Find the line below with "924x1307 pixels. At". Print it and every line after it exactly, through the last line, leaving out the pictures.

*** Supplied data ***

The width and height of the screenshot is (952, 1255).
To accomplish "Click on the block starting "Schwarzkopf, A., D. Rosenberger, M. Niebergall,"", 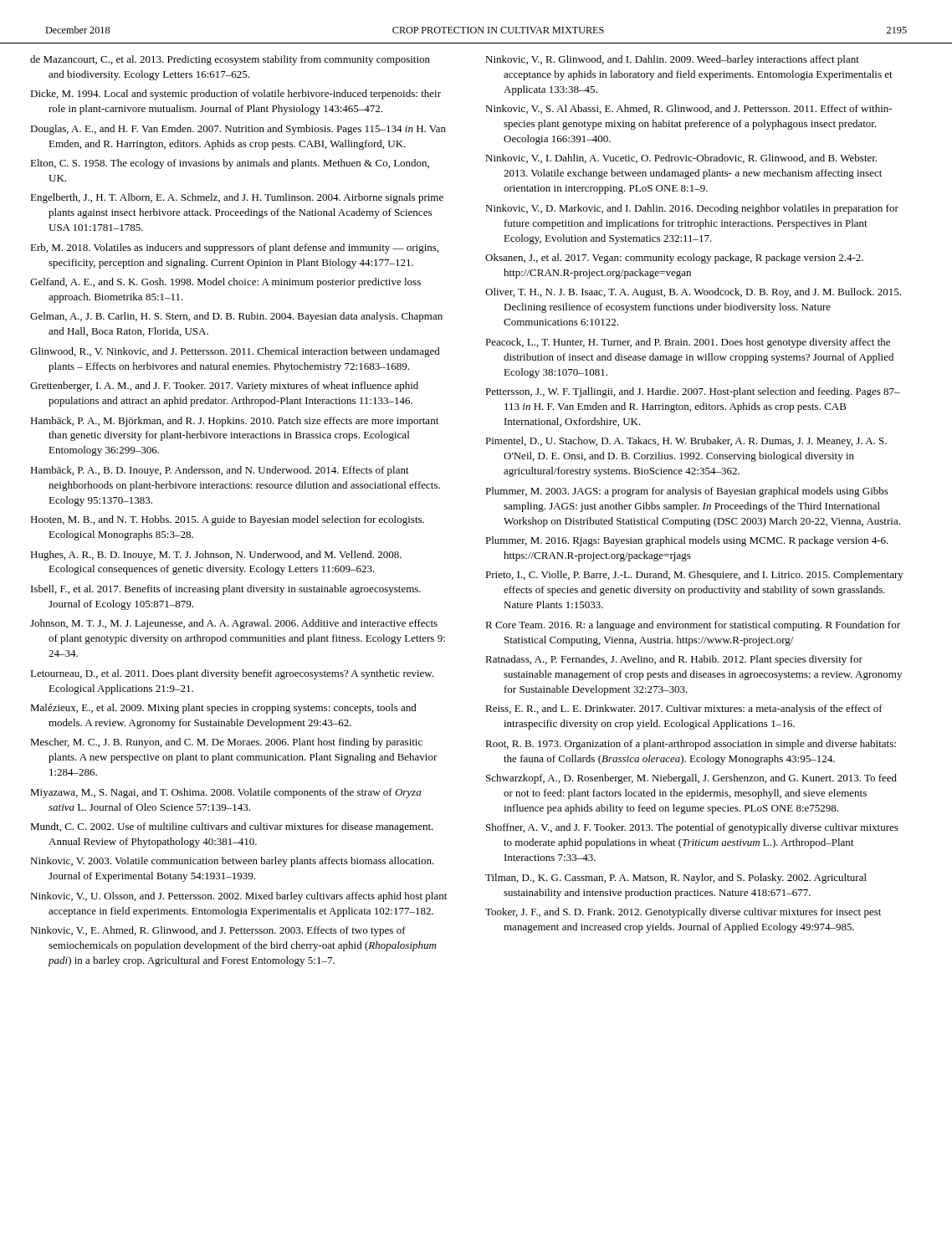I will pos(691,793).
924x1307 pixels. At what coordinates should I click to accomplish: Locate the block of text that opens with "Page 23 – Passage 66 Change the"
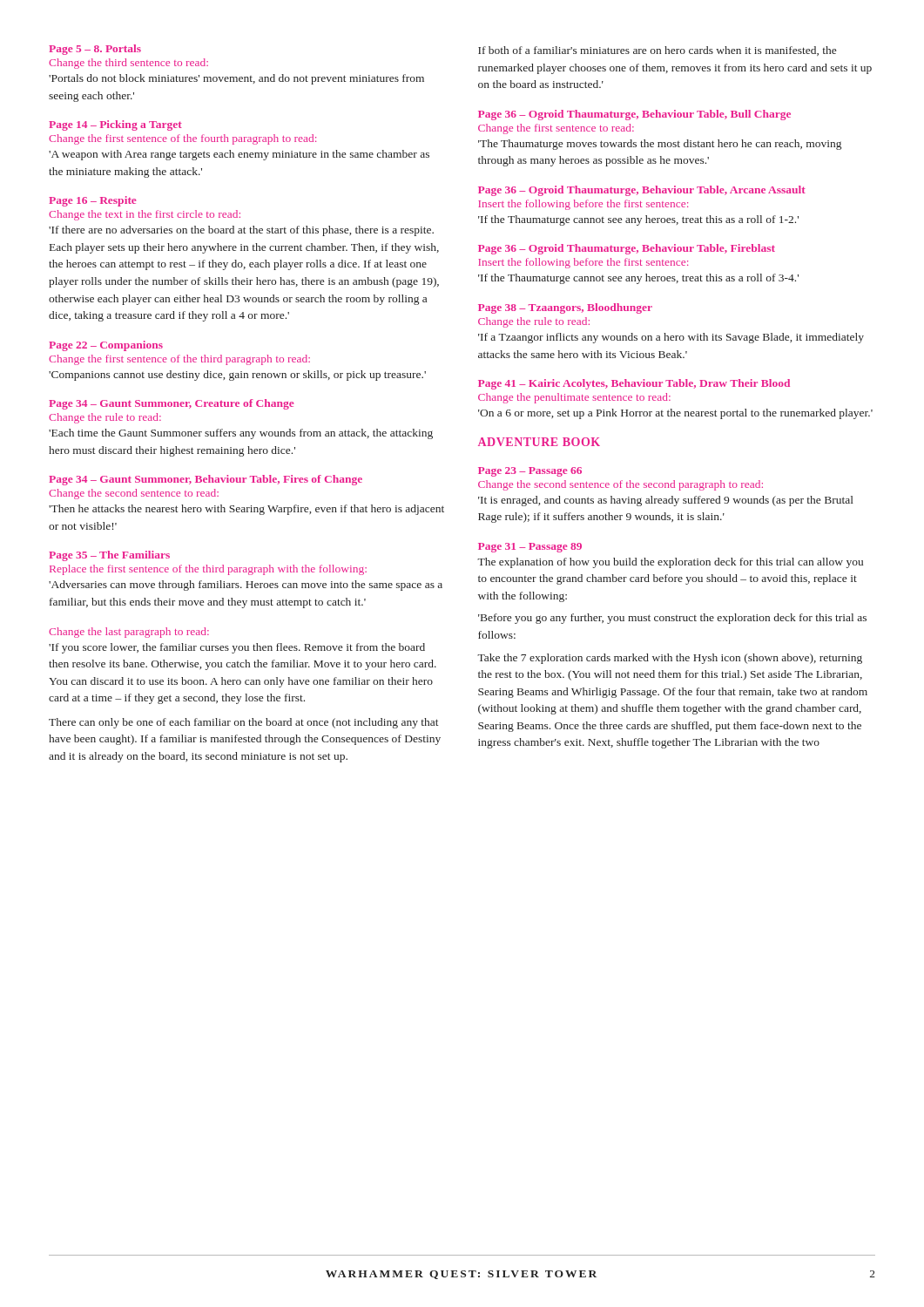click(676, 494)
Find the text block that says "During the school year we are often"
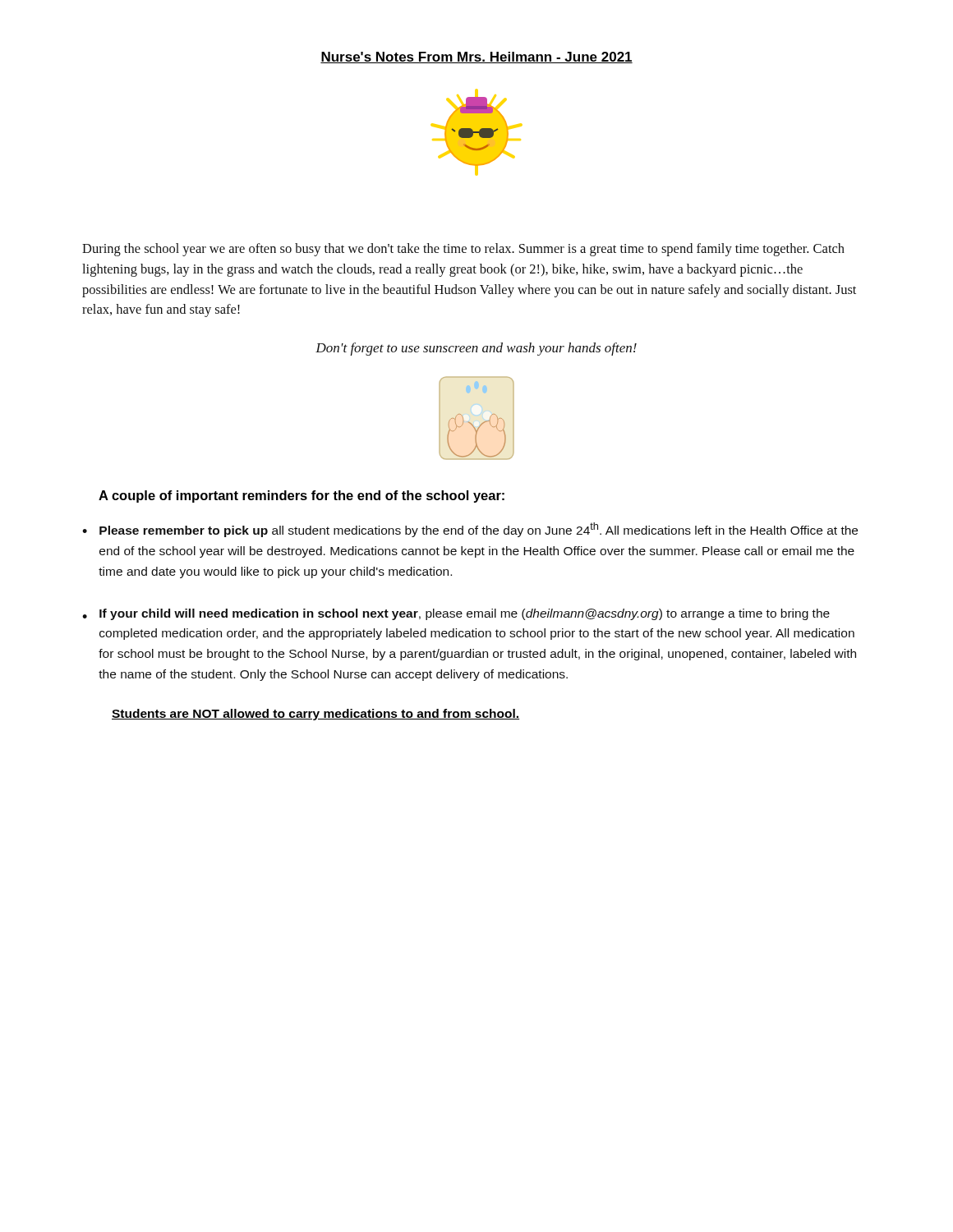Screen dimensions: 1232x953 pos(469,279)

*** End of Supplied data ***

### Your response
924x1307 pixels. At what coordinates should I click to accomplish: Locate the block of text that opens with "Page 23 – Passage 66 Change the"
click(676, 494)
Find the text block that says "During the school year we are often"
Screen dimensions: 1232x953 pos(469,279)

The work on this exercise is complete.